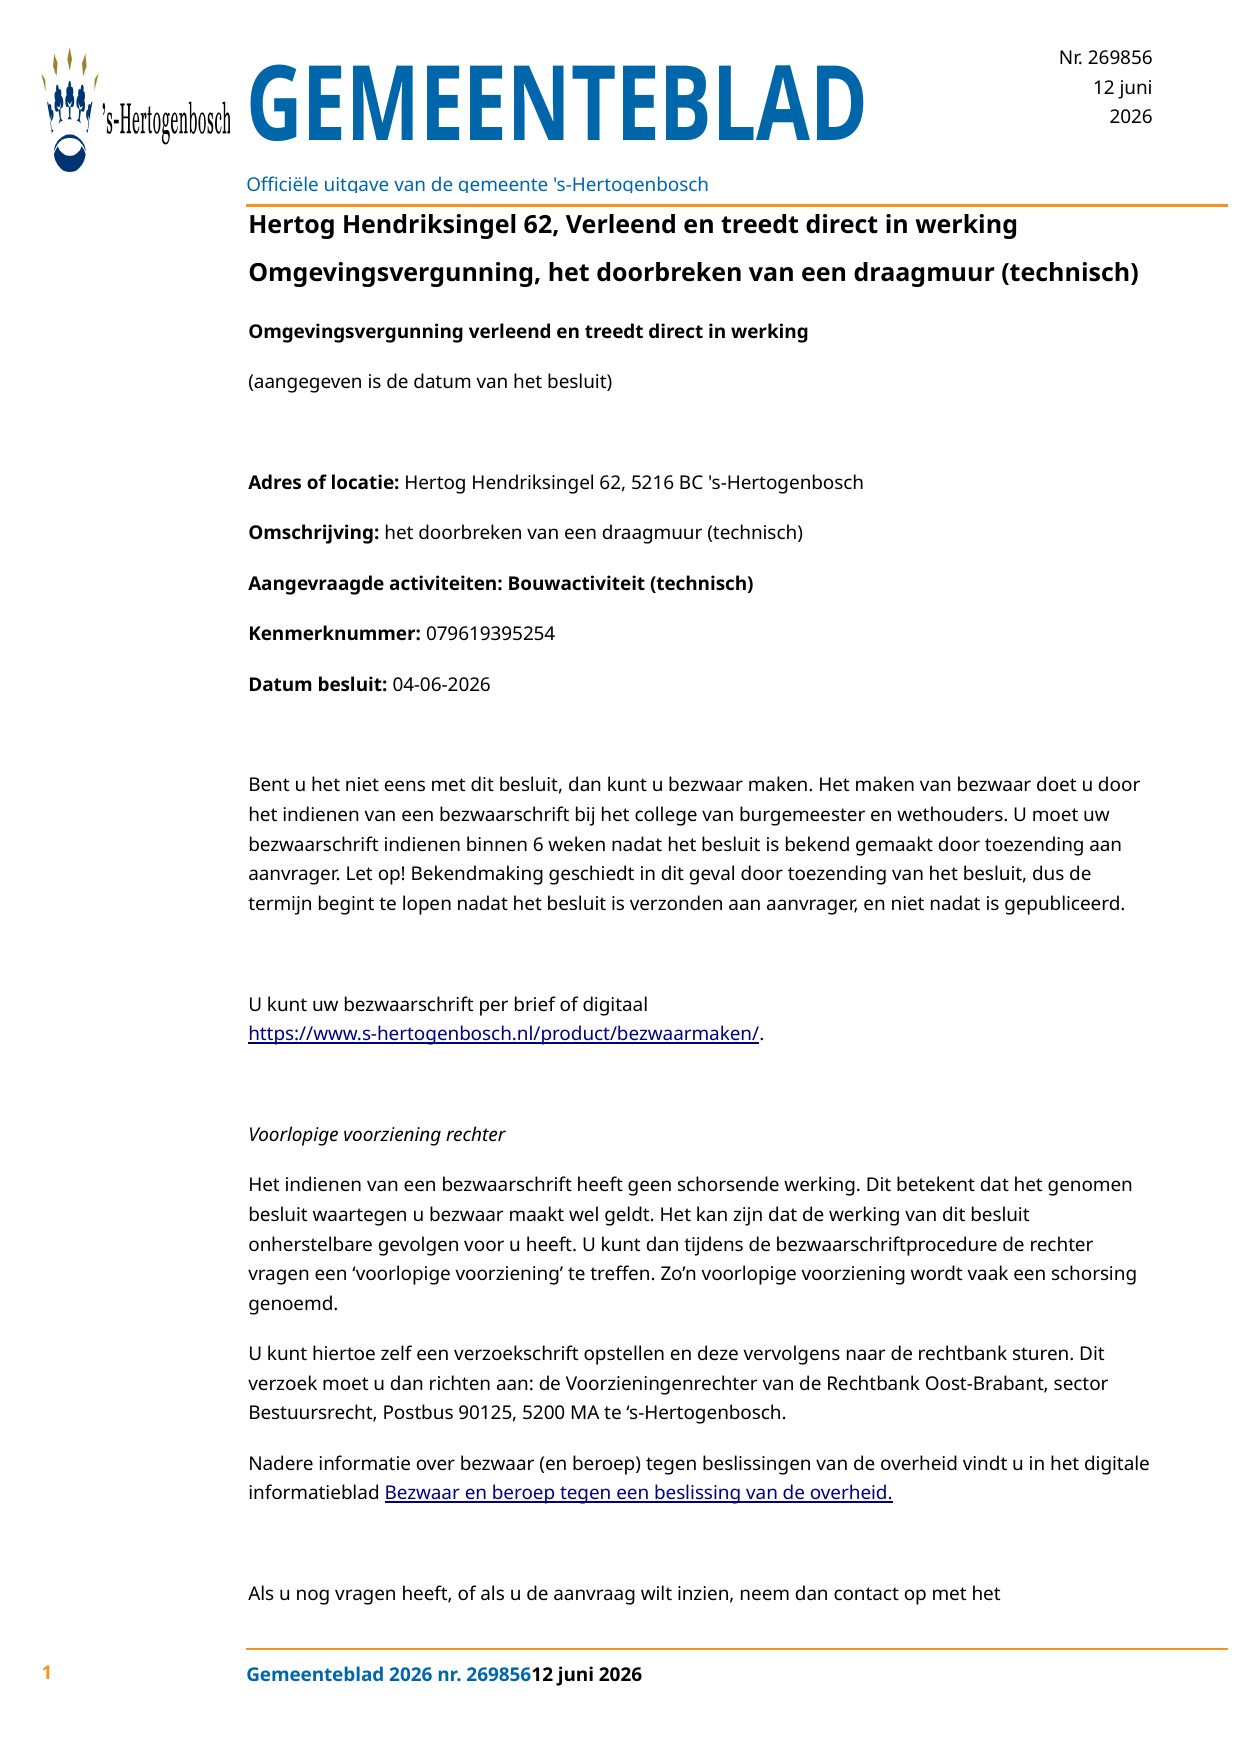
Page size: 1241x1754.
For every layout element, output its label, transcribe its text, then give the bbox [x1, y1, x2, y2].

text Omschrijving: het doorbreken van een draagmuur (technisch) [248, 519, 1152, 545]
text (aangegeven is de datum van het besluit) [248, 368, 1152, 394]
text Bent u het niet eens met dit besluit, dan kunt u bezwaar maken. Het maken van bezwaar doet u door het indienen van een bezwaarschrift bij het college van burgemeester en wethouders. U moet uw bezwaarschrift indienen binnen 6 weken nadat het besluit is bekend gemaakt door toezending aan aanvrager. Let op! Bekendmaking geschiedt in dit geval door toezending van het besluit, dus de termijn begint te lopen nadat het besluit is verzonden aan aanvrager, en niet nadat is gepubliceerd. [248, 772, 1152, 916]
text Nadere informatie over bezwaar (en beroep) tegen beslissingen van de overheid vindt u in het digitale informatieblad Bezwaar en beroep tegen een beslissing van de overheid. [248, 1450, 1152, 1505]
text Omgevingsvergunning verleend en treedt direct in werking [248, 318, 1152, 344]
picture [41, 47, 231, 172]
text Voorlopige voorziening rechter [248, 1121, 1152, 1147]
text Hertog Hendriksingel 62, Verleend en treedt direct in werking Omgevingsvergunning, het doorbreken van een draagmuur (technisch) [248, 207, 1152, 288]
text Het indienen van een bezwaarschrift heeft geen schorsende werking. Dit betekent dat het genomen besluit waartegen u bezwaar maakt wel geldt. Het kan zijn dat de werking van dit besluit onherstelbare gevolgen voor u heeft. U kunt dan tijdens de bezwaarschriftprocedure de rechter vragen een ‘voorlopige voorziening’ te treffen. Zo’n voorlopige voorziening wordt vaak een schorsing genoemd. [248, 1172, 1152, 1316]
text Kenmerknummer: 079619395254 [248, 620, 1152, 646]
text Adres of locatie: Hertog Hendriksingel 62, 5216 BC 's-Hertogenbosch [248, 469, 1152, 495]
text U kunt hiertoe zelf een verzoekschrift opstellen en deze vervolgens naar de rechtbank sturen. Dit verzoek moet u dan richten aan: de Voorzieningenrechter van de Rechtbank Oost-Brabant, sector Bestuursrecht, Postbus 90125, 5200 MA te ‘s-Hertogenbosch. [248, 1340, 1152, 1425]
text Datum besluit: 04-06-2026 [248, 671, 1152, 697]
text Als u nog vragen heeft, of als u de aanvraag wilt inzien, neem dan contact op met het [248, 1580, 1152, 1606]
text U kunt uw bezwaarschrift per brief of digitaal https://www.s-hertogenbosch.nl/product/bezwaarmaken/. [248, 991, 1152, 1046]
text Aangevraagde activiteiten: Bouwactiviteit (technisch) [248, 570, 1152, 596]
★ ★ ★
▶ Your objective: When a line among the entries contains "Omgevingsvergunning", pull that line out.

▶ Solution to the exercise:
text Omgevingsvergunning verleend en treedt direct in werking [248, 318, 1152, 344]
text Hertog Hendriksingel 62, Verleend en treedt direct in werking Omgevingsvergunning, het doorbreken van een draagmuur (technisch) [248, 207, 1152, 288]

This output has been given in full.